Women and Heart Disease: What You Need to Know
Feb. 16, 2017 at midnight
On her 30th birthday, Mika Leah decided to celebrate in the way she had so many times before -- by going on an easy hike. Having walked less than a mile, she forced herself to sit down because she was short of breath and dizzy. As pain shot down her arms and through her chest, she winced in misery. Despite having spent her life active in sports and eating healthy, Mika discovered that her left artery was 80 percent blocked close to her heart. The condition, which is also referred to as "the widow maker," is frequently fatal and often inherited.

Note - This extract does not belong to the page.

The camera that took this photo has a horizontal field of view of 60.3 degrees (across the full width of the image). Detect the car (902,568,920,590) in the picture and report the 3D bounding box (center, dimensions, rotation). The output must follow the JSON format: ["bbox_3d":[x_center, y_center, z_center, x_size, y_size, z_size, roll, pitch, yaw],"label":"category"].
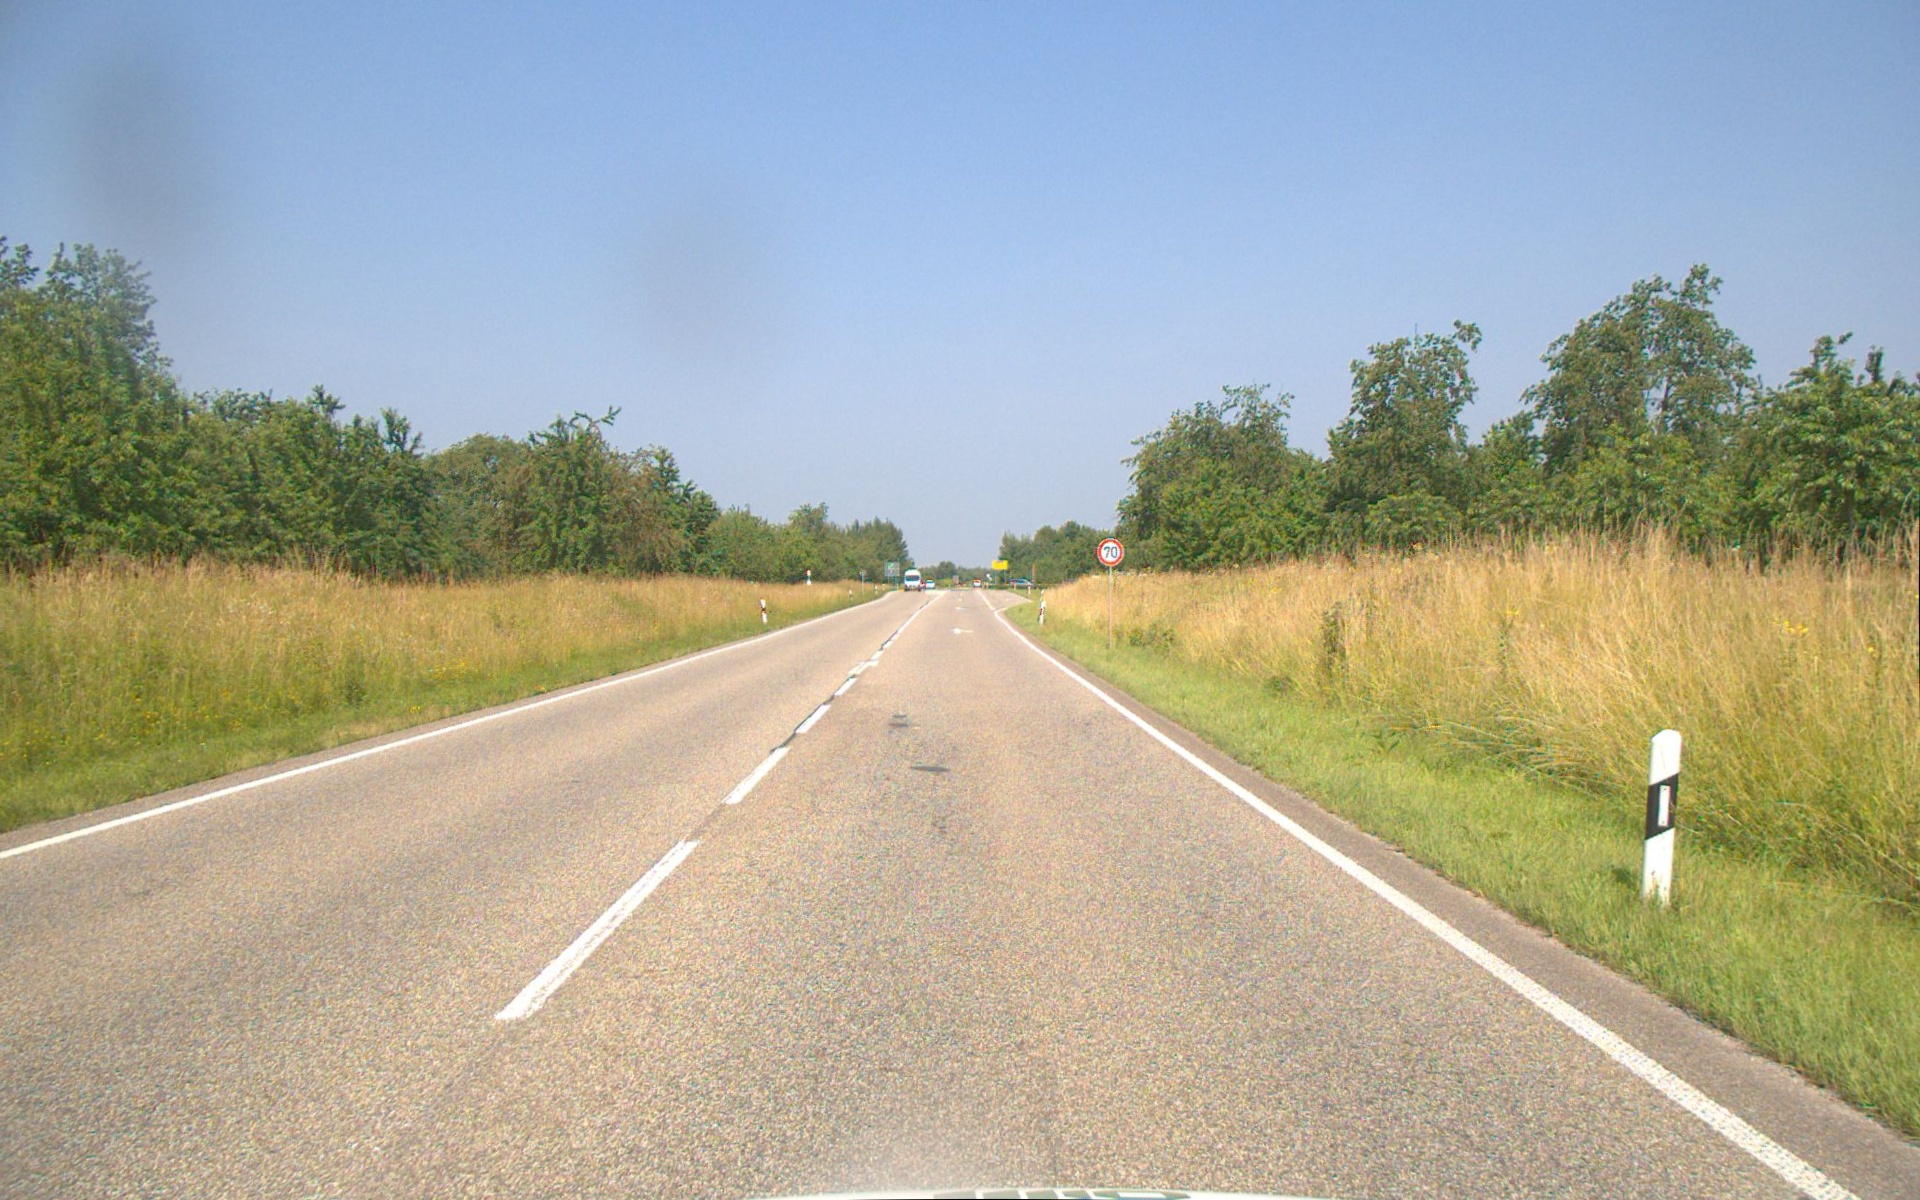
[{"bbox_3d":[-6.016,-2.550,204.160,2.117,2.715,6.142,0,0,-1],"label":"car"}]

While Mika was able to have surgery to repair the damaged artery, many others aren't so lucky. To be sure, cardiovascular diseases and stroke kill approximately one woman every 80 seconds. And it isn't just the elderly or overweight who are impacted. Rather, heart disease affects women of all ages, ethnicities, and lifestyles.
In recognition of February being Heart Health Month, we're bringing you some valuable information about women and heart disease. Given that approximately 44 million women have to contend with cardiovascular diseases in the United States, it's important to recognize the signs, symptoms, and preventative measures to avoid another fatality.
Good to Know
Heart disease strikes more women than men each year and is more deadly than all forms of cancer combined. Although breast cancer claims the life of one in 31 American women annually, heart disease is responsible for the deaths of one in three women every year.
At least 90 percent of women have one or more risk factors for heart disease or stroke.
Despite media's portrayal of heart attacks involving massive chest pain, women often experience a shortness of breath, nausea/vomiting, dizziness, back or jaw pain, and extreme fatigue.
A change in lifestyle and education can prevent 80 percent of heart disease and stroke events.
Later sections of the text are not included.